*Try it*. Please give again, exactly and only, the stretch of lines from the one containing "#5 test tube rack (443,47,661,147)" to the end of the entries below.

---------- Information shown

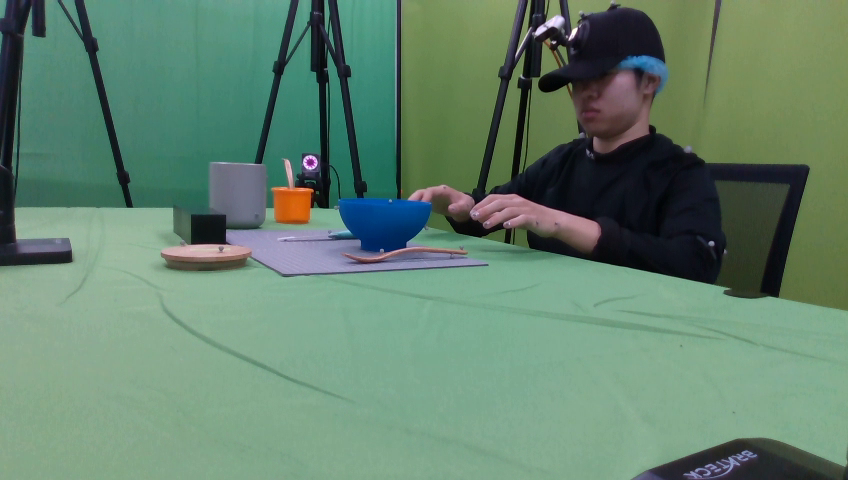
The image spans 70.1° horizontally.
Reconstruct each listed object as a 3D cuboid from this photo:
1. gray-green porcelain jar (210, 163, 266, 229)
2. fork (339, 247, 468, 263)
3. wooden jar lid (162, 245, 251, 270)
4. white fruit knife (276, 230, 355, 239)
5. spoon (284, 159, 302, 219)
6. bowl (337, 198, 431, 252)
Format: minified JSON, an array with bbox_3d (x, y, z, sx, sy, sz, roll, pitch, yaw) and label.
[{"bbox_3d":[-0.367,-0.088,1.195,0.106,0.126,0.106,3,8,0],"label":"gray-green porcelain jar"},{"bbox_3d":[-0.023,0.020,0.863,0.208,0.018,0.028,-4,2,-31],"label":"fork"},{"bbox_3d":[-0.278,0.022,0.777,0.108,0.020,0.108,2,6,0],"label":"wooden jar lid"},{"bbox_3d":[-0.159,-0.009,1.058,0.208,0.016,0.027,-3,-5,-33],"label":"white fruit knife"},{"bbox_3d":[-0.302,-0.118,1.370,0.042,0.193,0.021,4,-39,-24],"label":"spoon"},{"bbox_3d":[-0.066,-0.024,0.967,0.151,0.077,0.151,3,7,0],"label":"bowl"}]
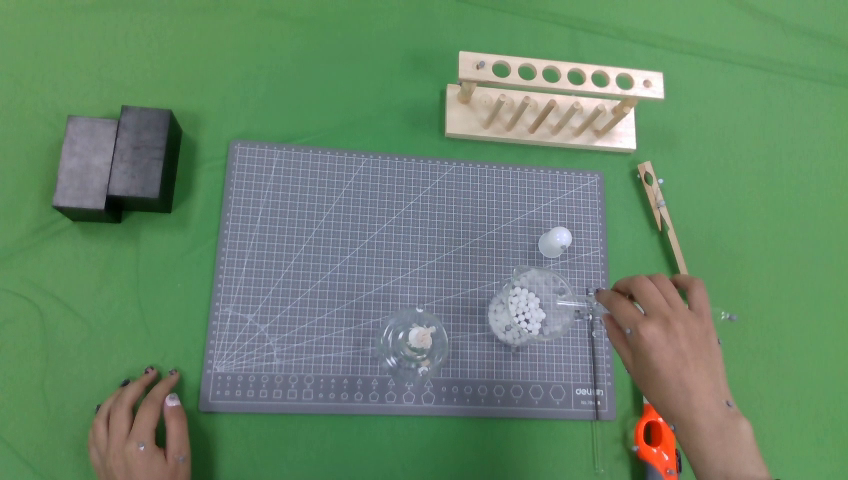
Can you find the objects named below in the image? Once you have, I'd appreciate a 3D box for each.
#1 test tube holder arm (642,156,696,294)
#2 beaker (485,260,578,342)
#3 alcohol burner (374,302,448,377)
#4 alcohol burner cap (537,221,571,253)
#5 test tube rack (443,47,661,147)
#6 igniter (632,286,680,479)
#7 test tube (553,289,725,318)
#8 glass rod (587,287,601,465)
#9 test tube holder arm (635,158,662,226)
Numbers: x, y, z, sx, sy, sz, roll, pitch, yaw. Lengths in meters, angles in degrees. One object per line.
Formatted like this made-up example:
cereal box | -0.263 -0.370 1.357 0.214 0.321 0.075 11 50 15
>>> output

--------------------

*Response to this exercise*.
#5 test tube rack (443,47,661,147)
#6 igniter (632,286,680,479)
#7 test tube (553,289,725,318)
#8 glass rod (587,287,601,465)
#9 test tube holder arm (635,158,662,226)
Numbers: x, y, z, sx, sy, sz, roll, pitch, yaw. Lengths in meters, angles in degrees. One object per line.
Formatted like this made-up example:
cereal box | -0.263 -0.370 1.357 0.214 0.321 0.075 11 50 15
>>> output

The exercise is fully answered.